Assigned task: Print each record that follows exactly, leaving the pictures behind.

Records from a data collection
::::::

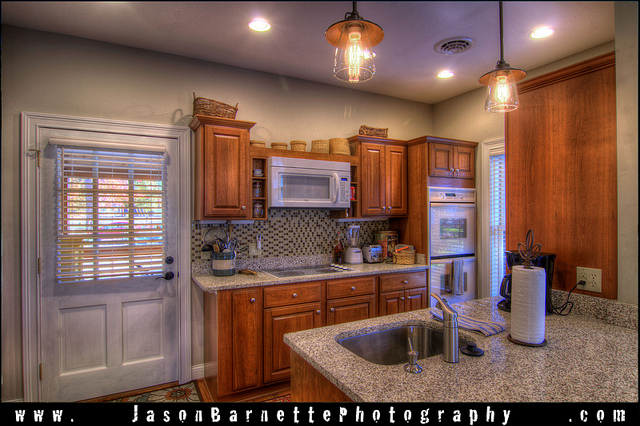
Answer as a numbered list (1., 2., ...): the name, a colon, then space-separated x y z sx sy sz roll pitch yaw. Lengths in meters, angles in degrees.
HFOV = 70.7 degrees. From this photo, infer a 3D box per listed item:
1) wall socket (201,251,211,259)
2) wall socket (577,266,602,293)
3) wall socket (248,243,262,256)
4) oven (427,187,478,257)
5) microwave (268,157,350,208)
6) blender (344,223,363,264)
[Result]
1. wall socket: -1.114 0.415 4.464 0.122 0.099 0.063 1 -1 -28
2. wall socket: 1.839 0.449 3.058 0.020 0.216 0.199 0 0 -32
3. wall socket: -0.676 0.372 4.618 0.134 0.113 0.032 -2 7 -23
4. oven: 1.540 0.088 5.279 0.602 0.690 0.502 -2 2 9
5. microwave: -0.171 -0.272 4.753 0.965 0.518 0.494 0 -1 -32
6. blender: 0.377 0.342 5.067 0.204 0.443 0.316 -2 1 5
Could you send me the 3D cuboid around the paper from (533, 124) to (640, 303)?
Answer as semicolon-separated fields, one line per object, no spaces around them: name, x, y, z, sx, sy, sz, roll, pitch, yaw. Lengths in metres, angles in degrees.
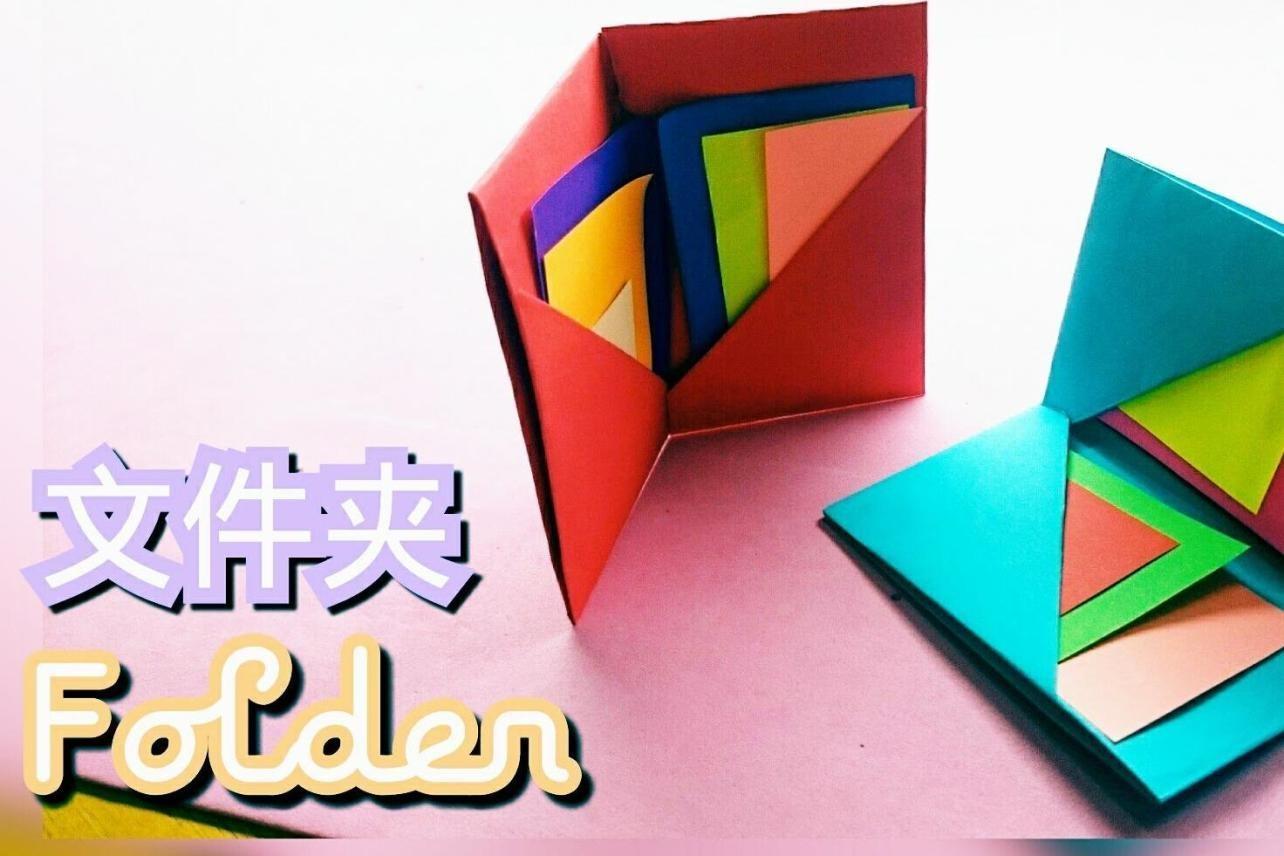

::::::

Expected answer:
Answer as a numbered list (1., 2., ...): the name, a colon, then space-separated x y z sx sy sz roll pitch yaw. Lengths in meters, angles in degrees.
HFOV = 70.7 degrees. From this photo, infer a 3D box per listed item:
1) wall socket (201,251,211,259)
2) wall socket (577,266,602,293)
3) wall socket (248,243,262,256)
4) oven (427,187,478,257)
5) microwave (268,157,350,208)
6) blender (344,223,363,264)
[Result]
1. wall socket: -1.114 0.415 4.464 0.122 0.099 0.063 1 -1 -28
2. wall socket: 1.839 0.449 3.058 0.020 0.216 0.199 0 0 -32
3. wall socket: -0.676 0.372 4.618 0.134 0.113 0.032 -2 7 -23
4. oven: 1.540 0.088 5.279 0.602 0.690 0.502 -2 2 9
5. microwave: -0.171 -0.272 4.753 0.965 0.518 0.494 0 -1 -32
6. blender: 0.377 0.342 5.067 0.204 0.443 0.316 -2 1 5
Could you send me the 3D cuboid around the paper from (533, 124) to (640, 303)?
Answer as semicolon-separated fields, one line per object, no spaces around them: name, x, y, z, sx, sy, sz, roll, pitch, yaw. Lengths in metres, angles in degrees.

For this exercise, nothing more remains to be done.